Sen. Lindsey Graham and several other Republican senators — including closely watched GOP members Lisa Murkowski and Lamar Alexander — asked the President’s team about what relevant testimony John Bolton might provide if he were called as a witness.
Here’s how they worded their question:
Assuming for argument sake that Bolton were to testify in the light most favorable to the allegations contained in the articles of impeachment, isn’t it true that the allegations still would not rise to the level of an impeachable offense, and that, therefore, for this and other reasons, his testimony would add nothing to this case?
Deputy White House counsel Patrick Philbin repeated the oft-talking point from the President’s team that there was “no quid pro quo.”
He said that even if you take everything Bolton alleges as true, his allegations “don’t as a matter of law rise to the level of an impeachable offense” because the House has not “characterized them as involving a crime.”
Philbin continued: “But taking for the sake of argument the question as phrased, even if Ambassador Bolton would testify to that, even if you assumed it were true, there is no impeachable offense stated in the articles of impeachment.”
The House managers were next asked to respond to the President’s team.
Rep. Adam Schiff said the White House’s response to the senators’ question was basically, ‘Too bad, there’s nothing you can do.
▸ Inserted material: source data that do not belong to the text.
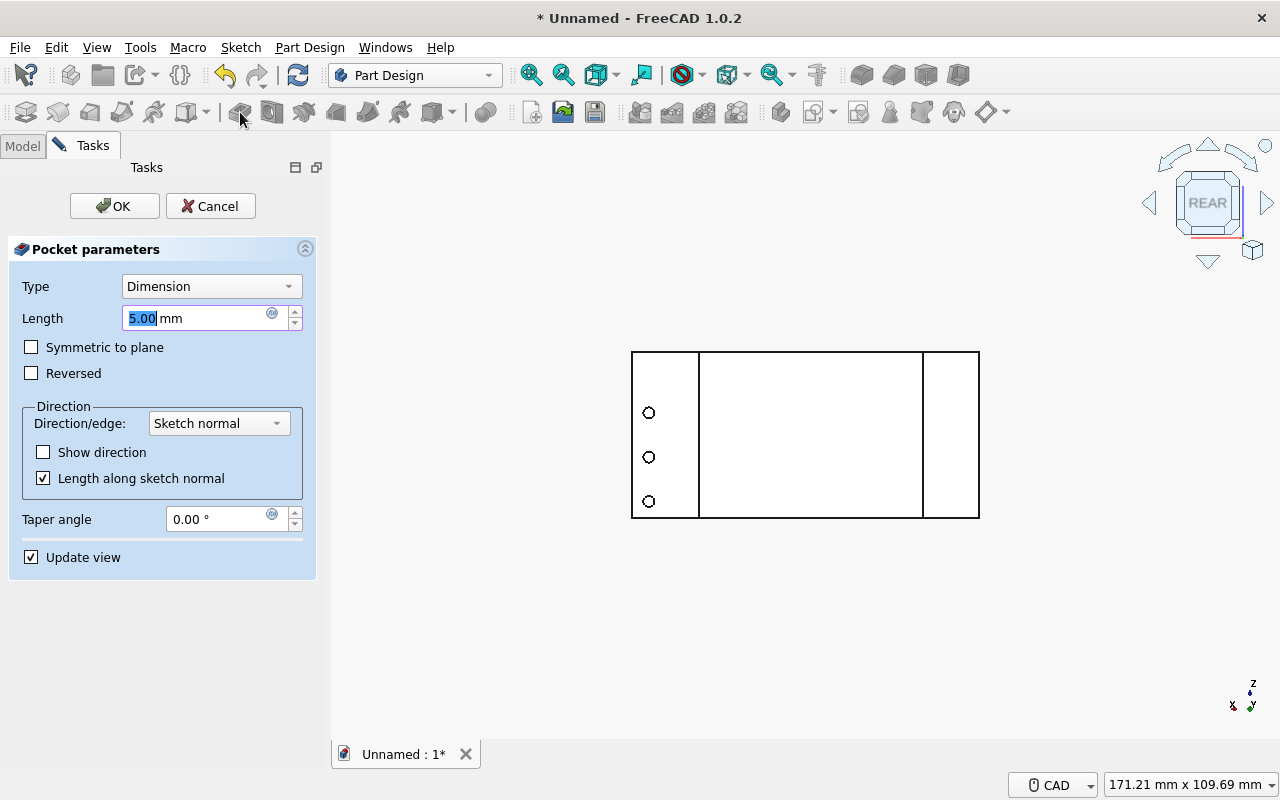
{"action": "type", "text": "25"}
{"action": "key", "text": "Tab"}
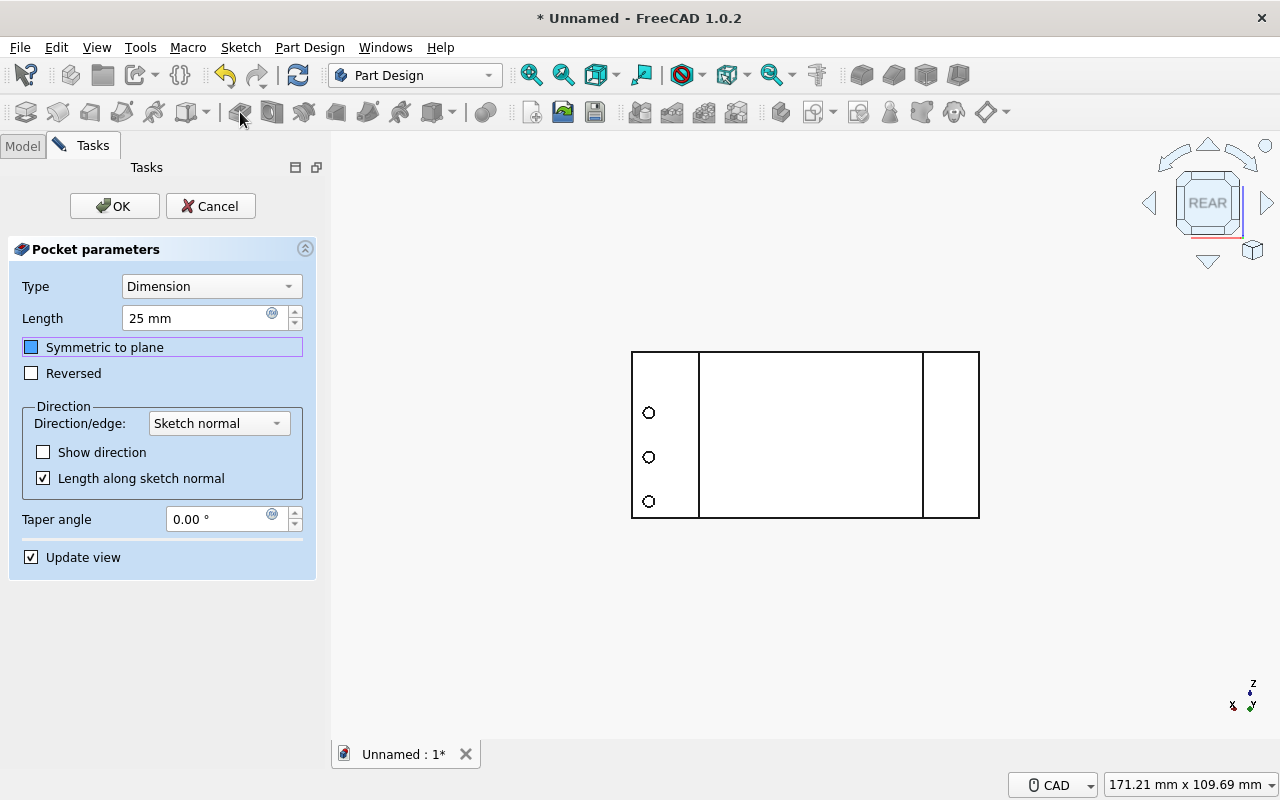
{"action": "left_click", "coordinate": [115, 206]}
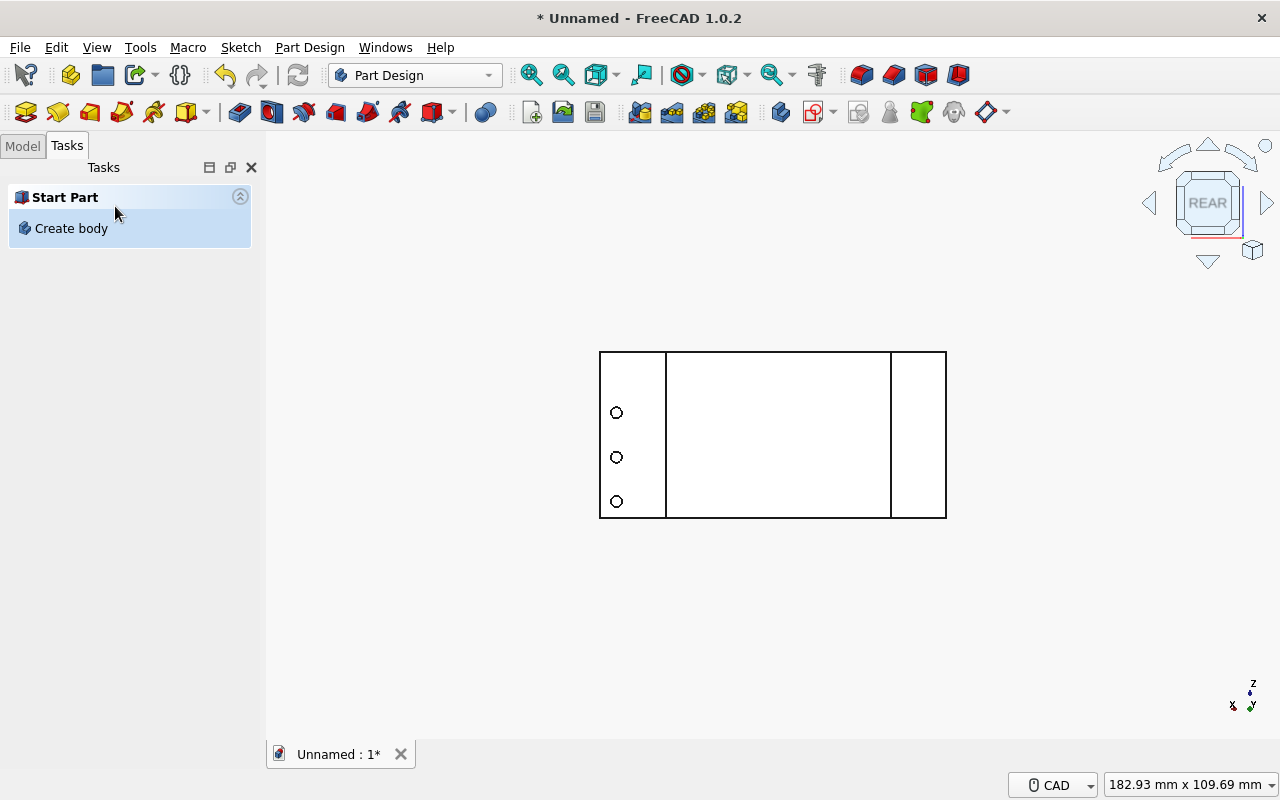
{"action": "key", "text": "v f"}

That’s not impeachable.”
Schiff added that the President’s counsel’s argument is: “‘The President of the United States can withhold hundreds of millions of dollars in aid that we appropriated, can do so in violation of the law, can do so to coerce an ally in order to help him cheat in an election and you can’t do anything about it…That’s non-impeachable.’”
“I think our founders would be aghast,” he added.